Investigation of the BERT model on nucleotide sequences with non-standard pre-training and evaluation of different k-mer embeddings
In this study, we used a non-standard pre-training approach through incorporating randomness at the data and model level to investigate a BERT model pre-trained on nucleotide sequences.
- data/ptData: source code of generate random sequences.
- TATA: human and mouse TATA dataset are in the fold of data/ftData/TATA
- TFBS: used motif_discovery(690) and motif_occupancy (422) curated dataset provided by Zeng et al. (https://academic.oup.com/bioinformatics/article/32/12/i121/2240609). Please use the paper provided URL for the download.

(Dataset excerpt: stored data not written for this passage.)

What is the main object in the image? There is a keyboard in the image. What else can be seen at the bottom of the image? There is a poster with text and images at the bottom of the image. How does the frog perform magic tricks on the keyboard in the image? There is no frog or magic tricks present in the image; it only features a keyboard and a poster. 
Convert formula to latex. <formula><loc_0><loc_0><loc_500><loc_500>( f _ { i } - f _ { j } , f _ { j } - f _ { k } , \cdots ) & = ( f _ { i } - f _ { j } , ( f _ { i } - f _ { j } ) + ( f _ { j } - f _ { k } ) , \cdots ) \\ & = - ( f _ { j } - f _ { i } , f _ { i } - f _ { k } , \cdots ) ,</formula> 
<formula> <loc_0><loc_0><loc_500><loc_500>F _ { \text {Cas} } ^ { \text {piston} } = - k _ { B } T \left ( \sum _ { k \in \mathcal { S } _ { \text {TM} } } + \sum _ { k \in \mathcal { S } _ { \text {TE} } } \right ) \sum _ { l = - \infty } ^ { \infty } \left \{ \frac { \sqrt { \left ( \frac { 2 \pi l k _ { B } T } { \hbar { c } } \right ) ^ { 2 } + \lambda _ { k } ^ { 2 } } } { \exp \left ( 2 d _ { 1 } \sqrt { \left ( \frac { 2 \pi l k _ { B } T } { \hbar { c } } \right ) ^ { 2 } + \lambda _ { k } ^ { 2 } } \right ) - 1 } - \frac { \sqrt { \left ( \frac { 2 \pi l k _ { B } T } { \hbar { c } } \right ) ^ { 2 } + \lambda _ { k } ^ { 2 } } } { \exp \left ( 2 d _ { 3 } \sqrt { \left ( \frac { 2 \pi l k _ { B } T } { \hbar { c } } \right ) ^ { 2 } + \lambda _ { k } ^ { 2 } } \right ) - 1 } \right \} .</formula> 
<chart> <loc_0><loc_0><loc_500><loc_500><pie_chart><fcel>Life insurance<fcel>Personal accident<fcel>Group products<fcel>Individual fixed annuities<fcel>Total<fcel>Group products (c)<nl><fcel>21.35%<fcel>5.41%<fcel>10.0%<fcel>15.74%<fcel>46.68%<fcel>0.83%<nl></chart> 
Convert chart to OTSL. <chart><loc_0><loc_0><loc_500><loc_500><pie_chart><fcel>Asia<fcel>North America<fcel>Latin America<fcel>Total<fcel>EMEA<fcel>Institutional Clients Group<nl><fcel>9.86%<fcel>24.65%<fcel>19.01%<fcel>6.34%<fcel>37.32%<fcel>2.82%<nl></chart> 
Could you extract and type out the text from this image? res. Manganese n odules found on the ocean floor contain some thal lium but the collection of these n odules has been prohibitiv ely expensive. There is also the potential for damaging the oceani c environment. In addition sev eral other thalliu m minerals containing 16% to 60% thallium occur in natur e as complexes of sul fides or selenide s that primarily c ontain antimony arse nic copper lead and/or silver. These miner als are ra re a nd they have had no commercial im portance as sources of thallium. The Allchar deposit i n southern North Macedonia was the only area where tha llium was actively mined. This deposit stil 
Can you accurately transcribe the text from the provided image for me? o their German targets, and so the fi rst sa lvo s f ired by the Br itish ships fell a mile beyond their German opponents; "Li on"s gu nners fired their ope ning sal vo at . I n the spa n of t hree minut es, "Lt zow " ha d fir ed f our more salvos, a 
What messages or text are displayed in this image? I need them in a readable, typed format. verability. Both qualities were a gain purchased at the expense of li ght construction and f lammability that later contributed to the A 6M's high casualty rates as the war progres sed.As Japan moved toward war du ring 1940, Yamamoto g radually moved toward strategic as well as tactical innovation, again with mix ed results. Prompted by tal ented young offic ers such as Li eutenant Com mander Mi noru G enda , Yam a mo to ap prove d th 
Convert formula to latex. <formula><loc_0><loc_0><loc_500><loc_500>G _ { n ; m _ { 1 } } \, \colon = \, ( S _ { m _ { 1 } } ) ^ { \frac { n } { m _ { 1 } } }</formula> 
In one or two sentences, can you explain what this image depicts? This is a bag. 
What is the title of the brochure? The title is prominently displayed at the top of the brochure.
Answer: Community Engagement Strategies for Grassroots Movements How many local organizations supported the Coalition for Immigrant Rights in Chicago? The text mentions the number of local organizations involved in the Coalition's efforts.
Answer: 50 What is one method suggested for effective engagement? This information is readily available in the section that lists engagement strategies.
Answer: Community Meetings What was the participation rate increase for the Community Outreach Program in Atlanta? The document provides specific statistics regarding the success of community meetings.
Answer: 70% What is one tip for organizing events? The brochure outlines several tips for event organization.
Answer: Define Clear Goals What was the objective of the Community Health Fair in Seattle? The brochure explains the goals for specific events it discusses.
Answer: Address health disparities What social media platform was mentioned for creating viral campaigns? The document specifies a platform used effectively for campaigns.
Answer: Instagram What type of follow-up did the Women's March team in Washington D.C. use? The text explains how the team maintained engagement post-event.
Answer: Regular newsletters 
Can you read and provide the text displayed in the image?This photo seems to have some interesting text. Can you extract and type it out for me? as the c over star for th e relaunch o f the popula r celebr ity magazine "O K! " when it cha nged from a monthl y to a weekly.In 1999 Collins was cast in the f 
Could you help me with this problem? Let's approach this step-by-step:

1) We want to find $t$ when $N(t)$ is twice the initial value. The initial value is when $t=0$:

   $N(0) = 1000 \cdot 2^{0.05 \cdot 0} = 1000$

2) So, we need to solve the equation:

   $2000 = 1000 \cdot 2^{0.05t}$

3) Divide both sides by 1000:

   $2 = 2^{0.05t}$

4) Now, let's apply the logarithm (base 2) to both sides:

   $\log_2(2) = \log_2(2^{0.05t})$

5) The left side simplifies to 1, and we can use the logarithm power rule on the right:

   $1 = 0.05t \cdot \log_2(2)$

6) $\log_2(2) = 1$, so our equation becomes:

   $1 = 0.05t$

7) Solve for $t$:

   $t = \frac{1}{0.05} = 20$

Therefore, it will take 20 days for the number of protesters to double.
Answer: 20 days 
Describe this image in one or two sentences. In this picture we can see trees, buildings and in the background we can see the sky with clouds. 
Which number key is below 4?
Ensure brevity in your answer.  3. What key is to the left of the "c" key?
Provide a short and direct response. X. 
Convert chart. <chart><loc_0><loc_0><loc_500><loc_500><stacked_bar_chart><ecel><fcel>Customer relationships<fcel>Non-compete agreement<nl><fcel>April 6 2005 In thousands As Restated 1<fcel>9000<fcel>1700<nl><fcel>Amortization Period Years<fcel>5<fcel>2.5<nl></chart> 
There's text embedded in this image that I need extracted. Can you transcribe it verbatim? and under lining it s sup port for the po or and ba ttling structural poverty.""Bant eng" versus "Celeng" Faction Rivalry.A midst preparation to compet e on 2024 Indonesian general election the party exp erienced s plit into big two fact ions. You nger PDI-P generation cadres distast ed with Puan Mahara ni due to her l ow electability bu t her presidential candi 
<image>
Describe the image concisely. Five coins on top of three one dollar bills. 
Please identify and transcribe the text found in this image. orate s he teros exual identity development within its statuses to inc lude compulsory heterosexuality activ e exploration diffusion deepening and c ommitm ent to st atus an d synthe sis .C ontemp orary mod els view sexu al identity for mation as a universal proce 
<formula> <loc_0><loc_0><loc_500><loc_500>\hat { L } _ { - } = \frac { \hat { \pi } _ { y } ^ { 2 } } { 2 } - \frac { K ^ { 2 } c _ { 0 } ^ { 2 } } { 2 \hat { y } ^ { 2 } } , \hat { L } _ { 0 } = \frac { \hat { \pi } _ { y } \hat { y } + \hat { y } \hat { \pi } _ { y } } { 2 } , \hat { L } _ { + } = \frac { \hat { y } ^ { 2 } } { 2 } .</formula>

- ft_tasks: source code of using different k-mer embeddings in downstream tasks of TATA prediciton and TBFS prediction.
k-mer embedding | Description | required files |
---|---|---|
dnabert | k-mer embedding from DNABERT pre-trained on hg38 | pre-trained model provided by DNABERT |
dnabert | k-mer embedding from DNABERT pre-trained on random data | DNABERT model pre-trained on random data |
onehot | one-hot embedding | None |
dna2vec | k-mer embedding from dna2vec | pretrained model |
KMER=5
SPIECE= "human" (or "mouse")
MODEL="deepPromoterNet"
MODEL_SAVE_PATH="model/"
DATA_PATH="ftData/TATA/TATA_${SPIECE}/overall"
EMBEDDING="dnabert" (or "onehot", "dna2vec")
embed_file=FOLD_PATH_OF_THE_PRETRAINED_MODEL (or NONE)
KERNEL="5,5,5"
LR=1e-4
EPOCH=20
BS=64
DROPOUT=0.1
CODE="ft_tasks/TATA/tata_train.py"
python $CODE --kmer $KMER --cnn_kernel_size $KERNEL --model $MODEL --model_dir $MODEL_SAVE_PATH \
--data_dir $DATA_PATH --embedding $EMBEDDING --embedding_file $embed_file \
--lr $LR --epoch $EPOCH --batch_size $BS --dropout $DROPOUT --device "cuda:0"
KMER=5
MODEL="zeng_CNN"
KERNEL="24"
MODEL_SAVE_PATH="model/"
DATA_PATH="TBFS/motif_discovery/" or "TBFS/motif_occupancy/"
EMBEDDING="dnabert" (or "onehot", "dna2vec")
embed_file=FOLD_PATH_OF_THE_PRETRAINED_MODEL (or NONE)
LR=0.001
EPOCH=10
BS=64
DROPOUT=0.1
CODE="ft_tasks/TFBS/TBFS_all_run.py"
python $CODE --kmer $KMER --cnn_kernel_size $KERNEL --model $MODEL --model_dir $MODEL_SAVE_PATH \
--data_dir $DATA_PATH --embedding $EMBEDDING --embedding_file $embed_file \
--lr $LR --epoch $EPOCH --batch_size $BS --dropout $DROPOUT --device "cuda:0"
-
pt_models: download link of the pre-trained model using random data.
-
4mer pre-trained on randomly generated sequences: https://drive.google.com/file/d/1YKKoX_8NRrPR13uGdEQAKWqxBcOvq2su/view?usp=share_link
-
5mer pre-trained on randomly generated sequences: https://drive.google.com/file/d/1a2OjubusbsXkC2xAp8W0BbVZHuqyCAhk/view?usp=share_link
-
6mer pre-trained on radomly generated sequences: https://drive.google.com/file/d/1-6XMO70jY9Tdj9R19vgq8u9DtCzDGPkm/view?usp=share_link
- results: detailed results of each dataset of TBFS tasks.